POSTMORTEM PINK TEETH:
Pink teeth phenomenon is a common postmortem finding noted by forensic dentists. It has to be differentiated from the antemortem pinkish discoloration of teeth especially along the cervical portion of the teeth and along the root portion which is commonly associated with decomposition in a moist environment. Exact notification of the pink teeth phenomenon is not known within the literature first explanation regarding pink teeth in victims of hanging or drowning was made by Bell in 1829. Postmortem pink teeth can be made out in people who has dead due to drowning, hanging, knifing, barbiturate poisoning, carbon monoxide and CO2 poisoning, also unknown cause. Usually pink appearance is more pronounced at the region of cemento-enamel junction than other parts of the teeth at the same time this appearance of pink teeth is more intense among anterior teeth than the posterior teeth.

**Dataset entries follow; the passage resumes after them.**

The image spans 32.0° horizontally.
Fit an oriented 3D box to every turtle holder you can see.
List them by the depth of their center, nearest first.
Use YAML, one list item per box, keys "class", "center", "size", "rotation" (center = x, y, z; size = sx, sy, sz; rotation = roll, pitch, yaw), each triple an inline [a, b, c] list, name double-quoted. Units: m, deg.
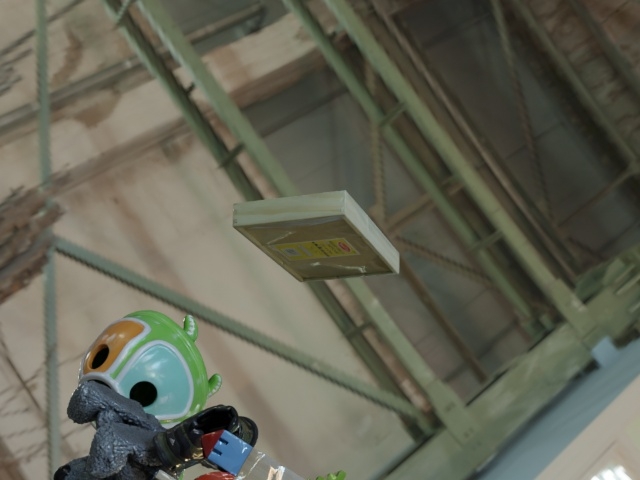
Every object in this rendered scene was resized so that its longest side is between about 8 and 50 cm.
- class: "turtle holder"
  center: [-0.357, 0.309, 2.221]
  size: [0.243, 0.227, 0.320]
  rotation: [16, -63, 25]

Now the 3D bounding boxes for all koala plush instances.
- class: "koala plush"
  center: [-0.347, 0.383, 1.809]
  size: [0.203, 0.221, 0.196]
  rotation: [32, 8, -35]

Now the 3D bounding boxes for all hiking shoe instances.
- class: "hiking shoe"
  center: [-0.155, 0.310, 1.774]
  size: [0.114, 0.227, 0.086]
  rotation: [-36, -109, 27]

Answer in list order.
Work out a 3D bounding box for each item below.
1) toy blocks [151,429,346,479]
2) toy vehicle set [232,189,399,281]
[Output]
- class: "toy blocks"
  center: [-0.164, 0.427, 1.583]
  size: [0.261, 0.381, 0.191]
  rotation: [33, -19, -1]
- class: "toy vehicle set"
  center: [0.000, 0.000, 1.628]
  size: [0.166, 0.035, 0.267]
  rotation: [-5, -21, 19]

Beely and Harvey conducted biochemical investigation into the nature of the post-mortem occurrence of pink teeth including iso-electric focusing after homogenisation, pH measurements and carbon monoxide detection and concluded that presence of the pink pigment as haemoglobin and/or its derivatives. Kirkham et al in 1977 concludes that Pinkness occurs due to seepage of fluid containing hemoglobin or its degradation products derived from decomposition or liquefaction of the tooth pulp into the dentinal tubules. However exact cause of the pink discoloration remains unexplained few authors suggests that it is due to great physical trauma and moist environment play role in its appearance.